*PROBLEM DESCRIPTION*
Pictures in the entries below are excluded; copy only the lines from the one containing "Answer: The bar is colored red" to the one containing "There's text embedded", both included.

*GIVEN ENTRIES*

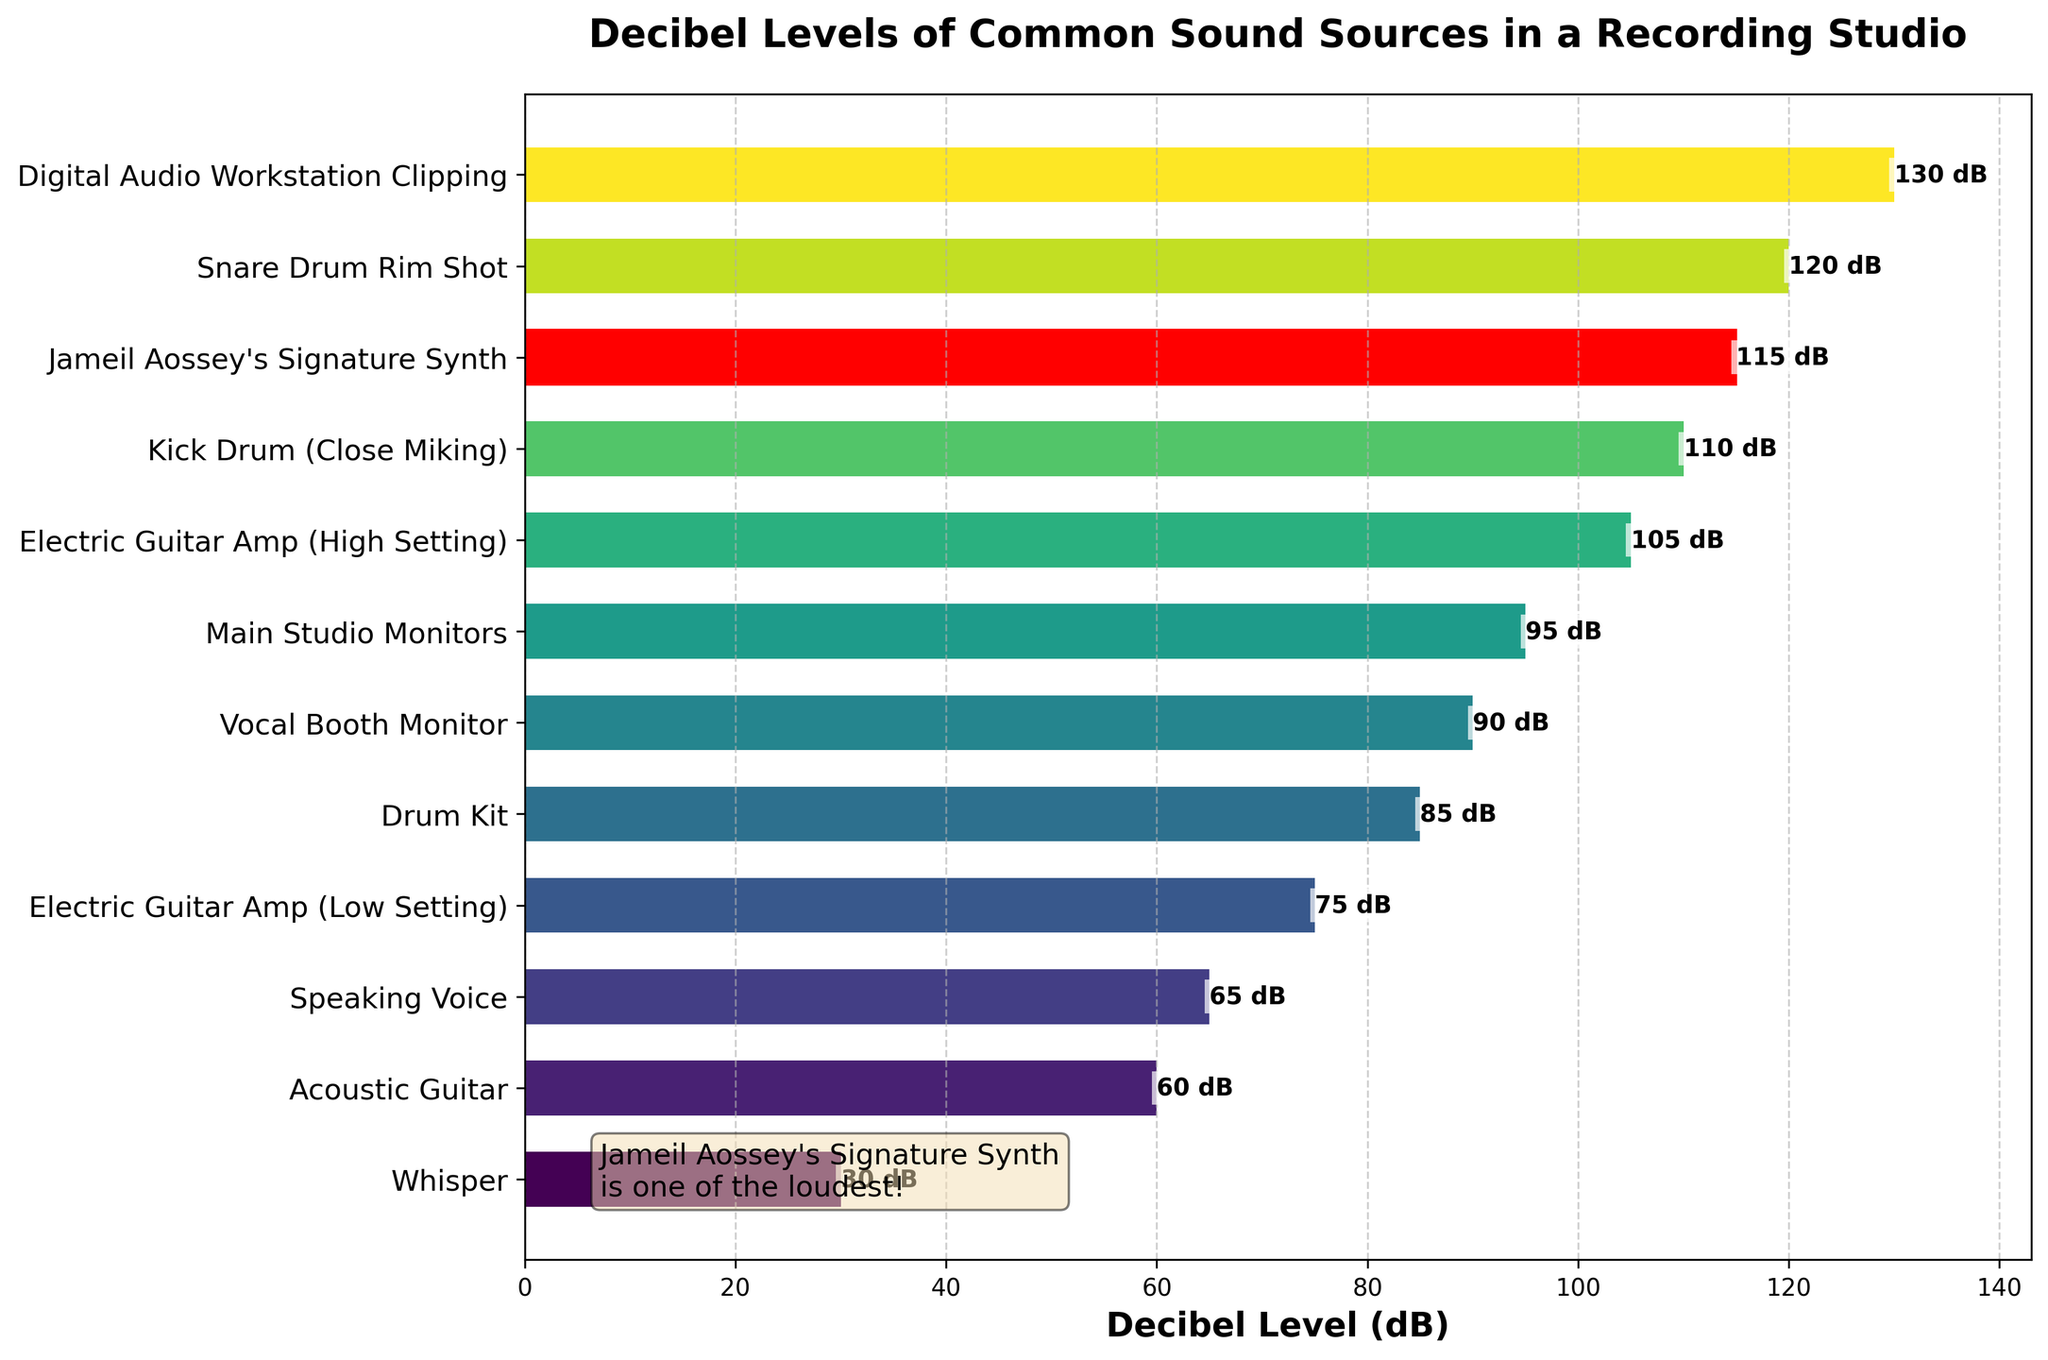what is the loudest sound source in the figure? The loudest sound source can be identified by looking at the bar with the highest decibel level. The highest bar reaches 130 dB, which belongs to Digital Audio Workstation Clipping.
Answer: Digital Audio Workstation Clipping how much louder is Jameil Aossey's Signature Synth compared to a Drum Kit? The decibel level of Jameil Aossey's Signature Synth is 115 dB, and the decibel level of a Drum Kit is 85 dB. Subtract 85 from 115: 115 - 85 = 30.
Answer: 30 dB which sound sources are louder than 100 dB? Examine the bars that reach higher than the 100 dB mark. The sound sources louder than 100 dB are Electric Guitar Amp (High Setting), Kick Drum (Close Miking), Jameil Aossey's Signature Synth, Snare Drum Rim Shot, and Digital Audio Workstation Clipping.
Answer: Electric Guitar Amp (High Setting), Kick Drum (Close Miking), Jameil Aossey's Signature Synth, Snare Drum Rim Shot, Digital Audio Workstation Clipping what is the decibel difference between a Whisper and Speaking Voice? The decibel level of a Whisper is 30 dB, and the decibel level of a Speaking Voice is 65 dB. Subtract 30 from 65: 65 - 30 = 35.
Answer: 35 dB are Acoustic Guitar and Speaking Voice similar in decibel levels? Look at the two bars for Acoustic Guitar and Speaking Voice. The Acoustic Guitar is at 60 dB, and the Speaking Voice is at 65 dB. The difference is 65 - 60 = 5 dB, which indicates they are close in decibel levels.
Answer: Yes, they are similar (5 dB difference) what visual feature highlights Jameil Aossey's Signature Synth? Jameil Aossey's Signature Synth is visually highlighted by its color. Unlike the other bars, it is colored red.
Answer: The bar is colored red 
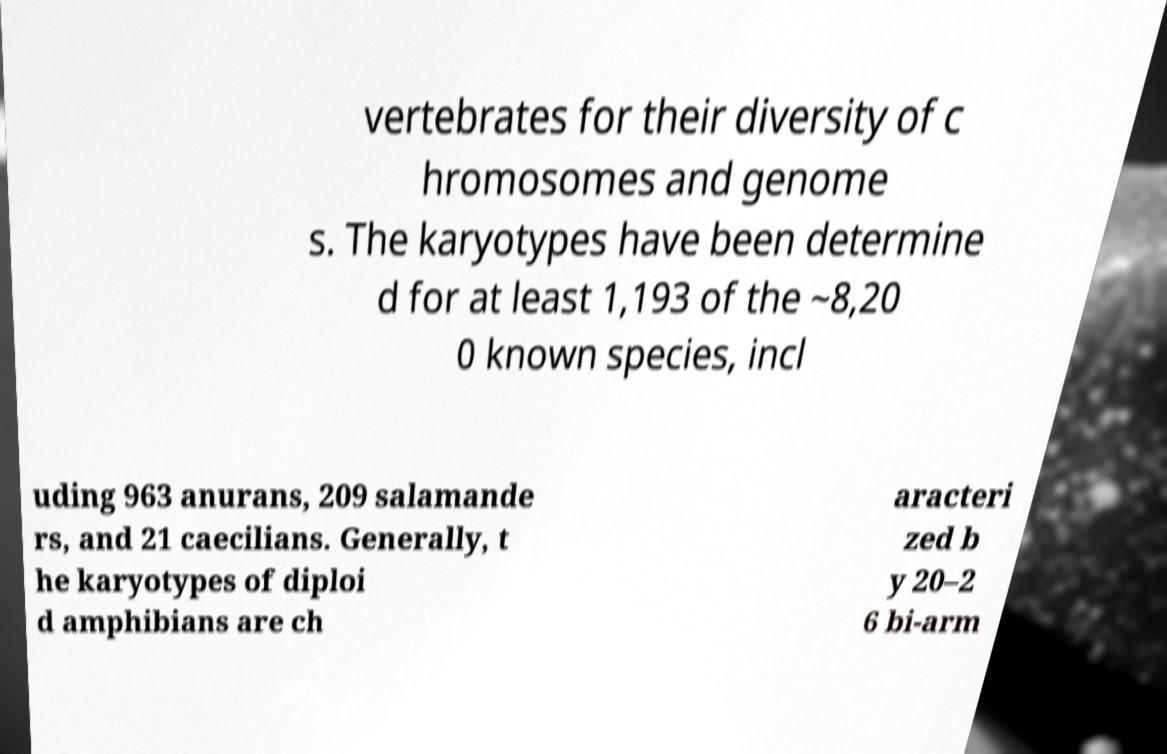There's text embedded in this image that I need extracted. Can you transcribe it verbatim? vertebrates for their diversity of c hromosomes and genome s. The karyotypes have been determine d for at least 1,193 of the ~8,20 0 known species, incl uding 963 anurans, 209 salamande rs, and 21 caecilians. Generally, t he karyotypes of diploi d amphibians are ch aracteri zed b y 20–2 6 bi-arm 
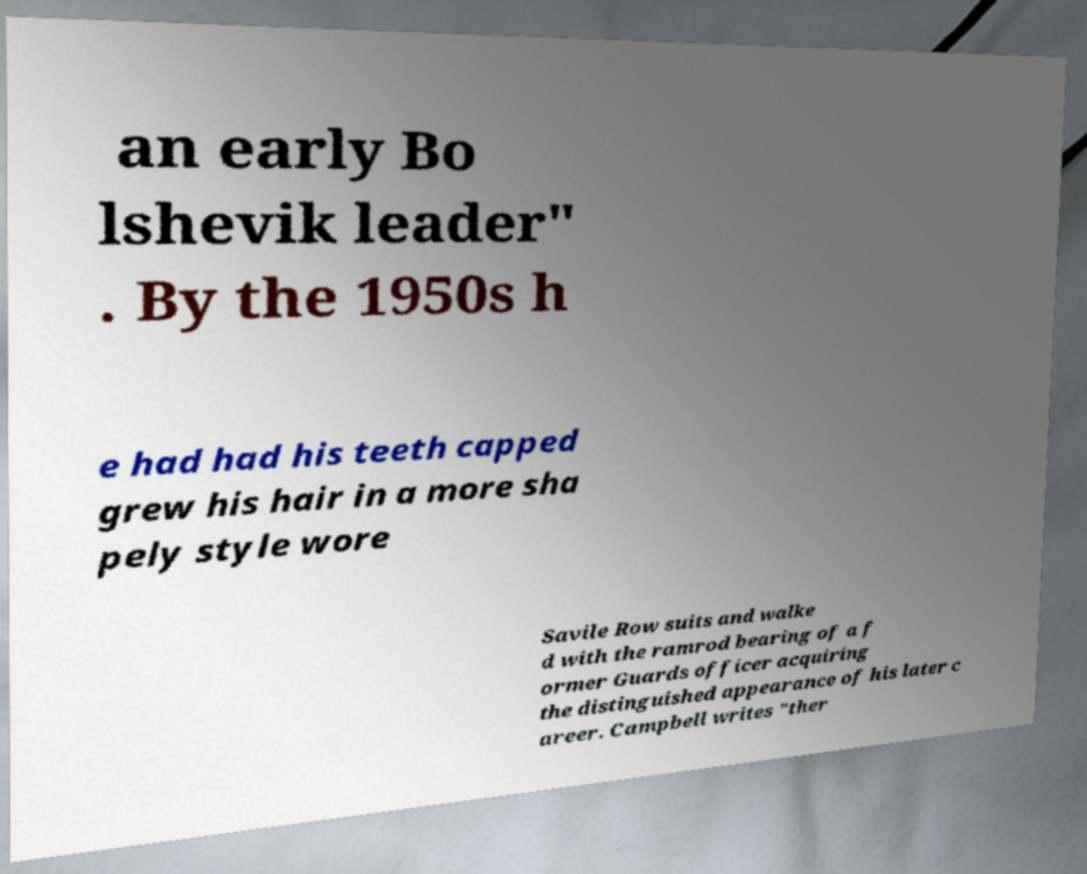Please identify and transcribe the text found in this image. an early Bo lshevik leader" . By the 1950s h e had had his teeth capped grew his hair in a more sha pely style wore Savile Row suits and walke d with the ramrod bearing of a f ormer Guards officer acquiring the distinguished appearance of his later c areer. Campbell writes "ther

*EXERCISE RESULT*
Answer: The bar is colored red 
There's text embedded in this image that I need extracted. Can you transcribe it verbatim? vertebrates for their diversity of c hromosomes and genome s. The karyotypes have been determine d for at least 1,193 of the ~8,20 0 known species, incl uding 963 anurans, 209 salamande rs, and 21 caecilians. Generally, t he karyotypes of diploi d amphibians are ch aracteri zed b y 20–2 6 bi-arm 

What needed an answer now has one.